Going through ECB data one can find interest rates on new and outstanding loans for various sectors of the economy, mainly non-financial sectors and households. Although investment is mainly driven by demand, one can use the interest rate on outstanding amounts (with original maturity of more than 1 year) as an indicator of the actual financial burden on economic players.

Here’s the interest rates  on loans to non-financial corporations:

Most of the periphery actually faced lower interest rates than Germany (and the Euro area) during the boom years, especially Spain, making investment/housing projects even more viable and profitable. Greece and Germany followed a line almost 100bp higher. That changed around 2006 with the Euro area rate increasing (since the ECB increased its key interest rates) and spreads for most of the periphery countries starting to widen considerably, especially for Greece. At the end of 2009 rates for Germany were lower than the Euro area rate while periphery rates were a lot higher with the exception of Spain.
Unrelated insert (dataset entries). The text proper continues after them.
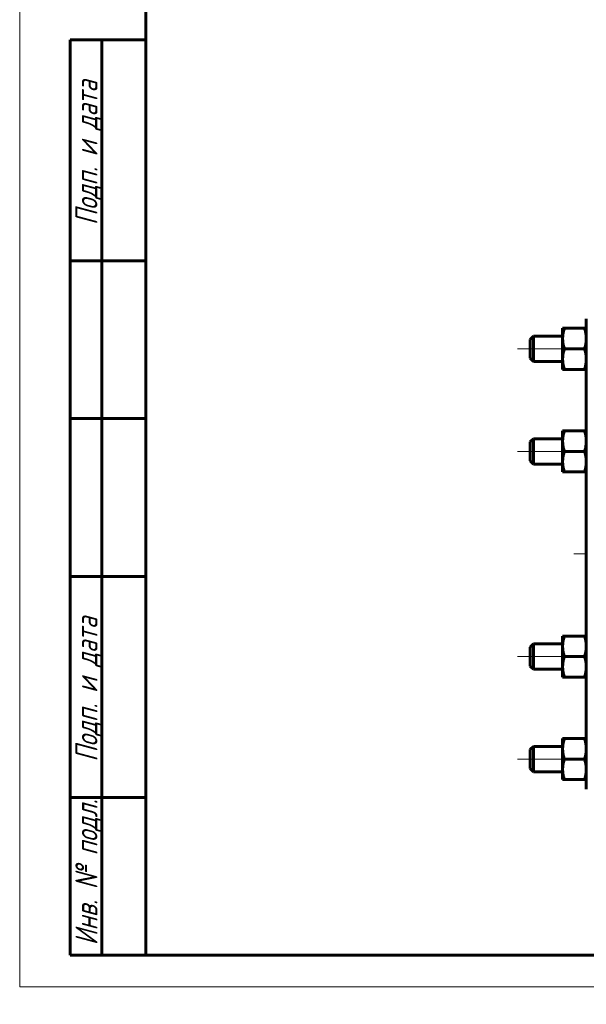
# Model space of a CAD drawing. Header units: millimetres. Extents: x 0 to 420, y -3 to 297.
# Tile 1 of 5: x 0 to 90, y -3 to 153. Entities that reach past the tile are written whole.
import ezdxf

# ---------------------------------------------------------------- set-up
doc = ezdxf.new("R2010")
doc.units = ezdxf.units.MM
for name, pattern in [('K5LT_AXLED', [19.5, 15, -1.5, 1.5, -1.5]), ('K5LT_BASIC', [0]), ('K5LT_THIN', [0])]:
    doc.linetypes.add(name, pattern=pattern)
doc.layers.add('Системный слой', color=7, linetype='Continuous')
doc.layers.add('Системный слой (1)', color=7, linetype='Continuous', true_color=0x6c6c6c)
doc.styles.add('KDIMTEXTSTYLE', font='GOST_AU.SHX', dxfattribs={"width": 0.96, "oblique": 15, "height": 5})
doc.styles.add('KTEXTSTYLE', font='GOST_AU.SHX', dxfattribs={"width": 0.96, "height": 5})
doc.dimstyles.new('KDIMSTYLE (0.50)', dxfattribs={"dimtxt": 5, "dimasz": 1, "dimexe": 2, "dimexo": 0, "dimgap": 1, "dimtad": 1, "dimlfac": 2, "dimtxsty": 'KDIMTEXTSTYLE', "dimsah": 1, "dimcen": 0, "dimdle": 1, "dimadec": 0, "dimazin": 0, "dimtfac": 0.667, "dimtmove": 0, "dimatfit": 3, "dimfxl": 1, "dimtvp": 1, "dimtolj": 1, "dimtzin": 0, "dimarcsym": 0})

# ---------------------------------------------------------------- blocks, each defined once
blk = doc.blocks.new('U28')
at = {"layer": 'Системный слой (1)', "linetype": 'K5LT_BASIC', "lineweight": 60}
for p, q in [((89.75, 68.56), (89.75, 105.81)), ((89.75, 31.31), (89.75, 68.56))]:
    blk.add_line(p, q, dxfattribs=at)
blk = doc.blocks.new('D2')
at = {"layer": 'Системный слой (1)'}
for points in [[(179.25, 100.2), (182.29, 104.23), (178.31, 101.12), (179.13, 101.02)], [(112.21, 32.89), (116.19, 35.99), (115.37, 36.1), (115.25, 36.92)]]:
    blk.add_hatch(color=256, dxfattribs=at).paths.add_polyline_path(points)
at = {"layer": 'Системный слой (1)', "linetype": 'K5LT_THIN', "lineweight": 18}
for p, q in [((182.29, 104.23), (189.03, 111.1)), ((189.03, 111.1), (207.69, 111.1)), ((112.21, 32.89), (182.29, 104.23)), ((178.31, 101.12), (182.29, 104.23)), ((182.29, 104.23), (179.25, 100.2)), ((179.13, 101.02), (178.31, 101.12)), ((179.25, 100.2), (179.13, 101.02)), ((112.21, 32.89), (115.25, 36.92)), ((116.19, 35.99), (112.21, 32.89)), ((115.25, 36.92), (115.37, 36.1)), ((115.37, 36.1), (116.19, 35.99))]:
    blk.add_line(p, q, dxfattribs=at)
blk.add_wipeout([(191.03, 112.1), (191.03, 119.48), (205.1, 119.48), (205.1, 112.1)]).dxf.layer = 'Системный слой (1)'
at = {"layer": 'Системный слой (1)', "char_height": 5, "attachment_point": 1, "style": 'KTEXTSTYLE'}
for s, insert in [('\\H5.0;\\W1.000;\\Q15;\\Q15;\\W0.960;∅', (191.03, 118.69)), ('\\H5.0;\\W1.000;\\Q15;\\Q15;\\W0.960;200', (194.34, 118.69))]:
    blk.add_mtext(s, dxfattribs=dict(at, insert=insert))
blk = doc.blocks.new('KDIMARROW_01')
at = {"layer": 'Системный слой'}
blk.add_hatch(color=0, dxfattribs=at).paths.add_polyline_path([(-5, -0.66), (0, 0), (-5, 0.66), (-4.5, 0)])
at = {"layer": 'Системный слой', "color": 0, "linetype": 'K5LT_THIN', "lineweight": 18}
for p, q in [((-4.5, 0), (-5, 0.66)), ((-5, 0.66), (0, 0)), ((0, 0), (-5, -0.66)), ((-5, -0.66), (-4.5, 0))]:
    blk.add_line(p, q, dxfattribs=at)
at = {"layer": 'Системный слой (1)', "color": 0, "linetype": 'K5LT_THIN', "lineweight": 18}
blk.add_line((327.87, 209.7), (327.37, 209.7), dxfattribs=at)
blk = doc.blocks.new('U65')
at = {"linetype": 'K5LT_THIN', "lineweight": 18}
for p, q in [((0, 0), (0, 297)), ((420, 0), (0, 0))]:
    blk.add_line(p, q, dxfattribs=at)
at = {"linetype": 'K5LT_BASIC', "lineweight": 60}
for p, q in [((20, 5), (20, 292)), ((8, 5), (8, 150)), ((20, 150), (8, 150)), ((13, 5), (13, 150)), ((20, 115), (8, 115)), ((20, 90), (8, 90)), ((20, 65), (8, 65)), ((20, 30), (8, 30)), ((20, 5), (8, 5)), ((415, 5), (20, 5))]:
    blk.add_line(p, q, dxfattribs=at)
at = {"char_height": 3.5, "attachment_point": 1, "rotation": 90, "style": 'KTEXTSTYLE'}
for s, insert in [('\\H5.0;\\W1.000;\\Q15;\\Q15;\\W0.960;\\H3.50;Подп. и дата', (8.82, 120.66)), ('\\H5.0;\\W1.000;\\Q15;\\Q15;\\W0.960;\\H3.50;Подп. и дата', (8.82, 35.66)), ('\\H5.0;\\W1.000;\\Q15;\\Q15;\\W0.960;\\H3.50;Инв. № подл.', (8.82, 6.57))]:
    blk.add_mtext(s, dxfattribs=dict(at, insert=insert))

msp = doc.modelspace()

# ---------------------------------------------------------------- linework, layer by layer
at = {"layer": 'Системный слой (1)', "linetype": 'K5LT_BASIC', "lineweight": 60}
for p, q in [((80.8765, 102.5582), (81.3765, 103.0582)), ((81.3765, 103.0582), (86.0015, 103.0582)), ((81.3765, 103.0582), (81.3765, 101.0582)), ((86.0015, 102.6832), (86.0015, 104.3082)), ((86.0015, 104.3082), (86.2917, 104.3082)), ((86.2917, 104.3082), (89.4612, 104.3082)), ((89.4612, 104.3082), (89.7515, 104.3082)), ((80.8765, 99.5582), (80.8765, 102.5582)), ((86.0015, 99.4332), (86.0015, 102.6832)), ((81.3765, 101.0582), (81.3765, 99.0582)), ((86.2917, 101.0582), (89.4612, 101.0582)), ((80.8765, 99.5582), (81.3765, 99.0582)), ((81.3765, 99.0582), (86.0015, 99.0582)), ((86.0015, 97.8082), (86.0015, 99.4332)), ((86.2917, 97.8082), (86.0015, 97.8082)), ((86.2917, 97.8082), (89.4612, 97.8082)), ((89.7515, 97.8082), (89.4612, 97.8082)), ((86.0015, 88.0582), (86.2917, 88.0582)), ((86.0015, 86.4332), (86.0015, 88.0582)), ((86.2917, 88.0582), (89.4612, 88.0582)), ((89.4612, 88.0582), (89.7515, 88.0582)), ((80.8765, 86.3082), (81.3765, 86.8082)), ((80.8765, 83.3082), (80.8765, 86.3082)), ((81.3765, 86.8082), (81.3765, 84.8082)), ((81.3765, 86.8082), (86.0015, 86.8082)), ((86.0015, 83.1832), (86.0015, 86.4332)), ((81.3765, 84.8082), (81.3765, 82.8082)), ((86.2917, 84.8082), (89.4612, 84.8082)), ((80.8765, 83.3082), (81.3765, 82.8082)), ((81.3765, 82.8082), (86.0015, 82.8082)), ((86.0015, 81.5582), (86.0015, 83.1832)), ((86.2917, 81.5582), (86.0015, 81.5582)), ((86.2917, 81.5582), (89.4612, 81.5582)), ((89.7515, 81.5582), (89.4612, 81.5582)), ((86.0015, 55.5582), (86.2917, 55.5582)), ((86.0015, 53.9332), (86.0015, 55.5582)), ((86.2917, 55.5582), (89.4612, 55.5582)), ((89.4612, 55.5582), (89.7515, 55.5582)), ((80.8765, 53.8082), (81.3765, 54.3082)), ((80.8765, 50.8082), (80.8765, 53.8082)), ((81.3765, 54.3082), (86.0015, 54.3082)), ((81.3765, 54.3082), (81.3765, 52.3082)), ((86.0015, 50.6832), (86.0015, 53.9332)), ((81.3765, 52.3082), (81.3765, 50.3082)), ((86.2917, 52.3082), (89.4612, 52.3082)), ((80.8765, 50.8082), (81.3765, 50.3082)), ((81.3765, 50.3082), (86.0015, 50.3082)), ((86.0015, 49.0582), (86.0015, 50.6832)), ((86.2917, 49.0582), (86.0015, 49.0582)), ((86.2917, 49.0582), (89.4612, 49.0582)), ((89.7515, 49.0582), (89.4612, 49.0582)), ((86.0015, 39.3082), (86.2917, 39.3082)), ((86.0015, 37.6832), (86.0015, 39.3082)), ((86.2917, 39.3082), (89.4612, 39.3082)), ((89.4612, 39.3082), (89.7515, 39.3082)), ((80.8765, 37.5582), (81.3765, 38.0582)), ((80.8765, 34.5582), (80.8765, 37.5582)), ((81.3765, 38.0582), (81.3765, 36.0582)), ((81.3765, 38.0582), (86.0015, 38.0582)), ((86.0015, 34.4332), (86.0015, 37.6832)), ((81.3765, 36.0582), (81.3765, 34.0582)), ((86.2917, 36.0582), (89.4612, 36.0582)), ((80.8765, 34.5582), (81.3765, 34.0582)), ((86.0015, 32.8082), (86.0015, 34.4332)), ((81.3765, 34.0582), (86.0015, 34.0582)), ((86.2917, 32.8082), (86.0015, 32.8082)), ((86.2917, 32.8082), (89.4612, 32.8082)), ((89.7515, 32.8082), (89.4612, 32.8082))]:
    msp.add_line(p, q, dxfattribs=at)
at = {"layer": 'Системный слой (1)', "linetype": 'K5LT_AXLED', "lineweight": 18}
for p, q in [((88.0015, 101.0582), (78.8765, 101.0582)), ((88.0015, 84.8082), (78.8765, 84.8082)), ((206.7515, 68.5582), (87.7515, 68.5582)), ((88.0015, 52.3082), (78.8765, 52.3082)), ((88.0015, 36.0582), (78.8765, 36.0582))]:
    msp.add_line(p, q, dxfattribs=at)
at = {"layer": 'Системный слой (1)', "linetype": 'K5LT_BASIC', "lineweight": 60}
for points in [[(86.2917, 104.3082), (86.0015, 103.4374), (86.0015, 102.6832)], [(89.7515, 102.6832), (89.7515, 103.4374), (89.4612, 104.3082)], [(86.0015, 102.6832), (86.0015, 101.929), (86.2917, 101.0582)], [(89.4612, 101.0582), (89.7515, 101.929), (89.7515, 102.6832)], [(86.2917, 101.0582), (86.0015, 100.1874), (86.0015, 99.4332)], [(89.7515, 99.4332), (89.7515, 100.1874), (89.4612, 101.0582)], [(86.0015, 99.4332), (86.0015, 98.679), (86.2917, 97.8082)], [(89.4612, 97.8082), (89.7515, 98.679), (89.7515, 99.4332)], [(86.2917, 88.0582), (86.0015, 87.1874), (86.0015, 86.4332)], [(89.7515, 86.4332), (89.7515, 87.1874), (89.4612, 88.0582)], [(86.0015, 86.4332), (86.0015, 85.679), (86.2917, 84.8082)], [(89.4612, 84.8082), (89.7515, 85.679), (89.7515, 86.4332)], [(86.2917, 84.8082), (86.0015, 83.9374), (86.0015, 83.1832)], [(89.7515, 83.1832), (89.7515, 83.9374), (89.4612, 84.8082)], [(86.0015, 83.1832), (86.0015, 82.429), (86.2917, 81.5582)], [(89.4612, 81.5582), (89.7515, 82.429), (89.7515, 83.1832)], [(86.2917, 55.5582), (86.0015, 54.6874), (86.0015, 53.9332)], [(89.7515, 53.9332), (89.7515, 54.6874), (89.4612, 55.5582)], [(86.0015, 53.9332), (86.0015, 53.179), (86.2917, 52.3082)], [(89.4612, 52.3082), (89.7515, 53.179), (89.7515, 53.9332)], [(86.2917, 52.3082), (86.0015, 51.4374), (86.0015, 50.6832)], [(89.7515, 50.6832), (89.7515, 51.4374), (89.4612, 52.3082)], [(86.0015, 50.6832), (86.0015, 49.929), (86.2917, 49.0582)], [(89.4612, 49.0582), (89.7515, 49.929), (89.7515, 50.6832)], [(86.2917, 39.3082), (86.0015, 38.4374), (86.0015, 37.6832)], [(89.7515, 37.6832), (89.7515, 38.4374), (89.4612, 39.3082)], [(86.0015, 37.6832), (86.0015, 36.929), (86.2917, 36.0582)], [(89.4612, 36.0582), (89.7515, 36.929), (89.7515, 37.6832)], [(86.2917, 36.0582), (86.0015, 35.1874), (86.0015, 34.4332)], [(89.7515, 34.4332), (89.7515, 35.1874), (89.4612, 36.0582)], [(86.0015, 34.4332), (86.0015, 33.679), (86.2917, 32.8082)], [(89.4612, 32.8082), (89.7515, 33.679), (89.7515, 34.4332)]]:
    msp.add_rational_spline(points, [1, 1.0379548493, 1], degree=2, dxfattribs=at)

# ---------------------------------------------------------------- block references
at = {"layer": 'Системный слой (1)'}
msp.add_blockref('U28', (0, 0), dxfattribs=at)

# ---------------------------------------------------------------- next in the draw order: dimensions: what is measured, and where the dimension line sits
dim = msp.add_diameter_dim_2p(p1=(77.1779, -2.7839), p2=(217.325, 139.9003), dimstyle='KDIMSTYLE (0.50)', override={"dimtih": 1, "dimtoh": 1, "dimpost": '\\H5.0;\\W0.960;\\Q15;<>', "dimblk1": 'KDIMARROW_01', "dimblk2": 'KDIMARROW_01', "dimtol": 1, "dimtp": 0, "dimtm": 0, "dimtdec": 5, "dimtmove": 1, "dimatfit": 2, "dimtolj": 1}, dxfattribs=at)
dim.commit()
dim.dimension.update_dxf_attribs({"geometry": 'D2', "text_midpoint": (191.0346, 111.0978), "dimtype": 163})

# ---------------------------------------------------------------- next in the draw order: block references
msp.add_blockref('U65', (0, 0))

doc.saveas('drawing.dxf')

Since the start of the Euro crisis, German rates have again moved higher than Euro rates, while periphery rates are considerably lower. The two exceptions are Greece which faces a spread of almost 150bp and Portugal with a spread of 50bp.

As for interest rates on outstanding amounts of loans for home purchases:

the main conclusions are quite similar. Periphery rates were close or significantly below Euro area rates up until 2006 and reached positive spreads after 2007 probably contributing to the financial crisis. Since 2009 they are much lower than Euro area rates, especially in Portugal, Ireland and Spain helping the recovery, while Greek rates are lower than Euro area (in contrast with non-financial corporations rates).

Obviously, the reverse is true in terms of banks interest income. Given the fact that the periphery countries face a large capital flight (and corresponding Target2 liabilities which need to be financed by central bank lending) and higher funding costs on deposits/interbank lending, effective margins are significantly lower, hurting bank profits, especially since NPLs have increased.